Had this in hmmmm 2019.... All of IT going online from 3am Monday Morning for an external vendor migration of their system (Primarily to start sending out emails upon the successful migtration - A task I already automated & ready to run with powershell).
Having decided to catnap rather than outright go to bed & being fully dressed, there was great deal of hilarity over my choice of t-shirt (Ironically accurate) as it saved them all from having to email users individually, whereas my script did the job in about 45 seconds & really negating the need for them to be up half the night.

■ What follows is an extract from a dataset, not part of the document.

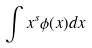Convert formula to latex. <formula><loc_0><loc_0><loc_500><loc_500>\int x ^ { s } \phi ( x ) d x</formula>

https://img.picturequotes.com/2/339/338251/i-cant-hear-you-over-the-deafening-sound-of-my-own-awesomeness-quote-1.jpg
Why did you need a script to do a simple mail merge? Most reasonable MUAs (and a few unreasonable ones) have been able to do that since the early '80s, at least. The fact that your colleagues were planning to induhvidually send emails suggest to me that they be removed from computing devices until they have received at least a little bit of remedial training ...
I'm wondering when we are going to just go gamer, and have the meetings in Second Life or World of Warcraft. At least that way, we wouldn't have to present our monthly data in shabby house clothes and have entitled cats wandering about, all over the keyboards of various participants.
One company I consult for apparently has a private minecraft server that is partially used for meetings. I declined the invitation to participate, citing a couple of quick telephone calls being a much more accurate and concise way to send and receive information.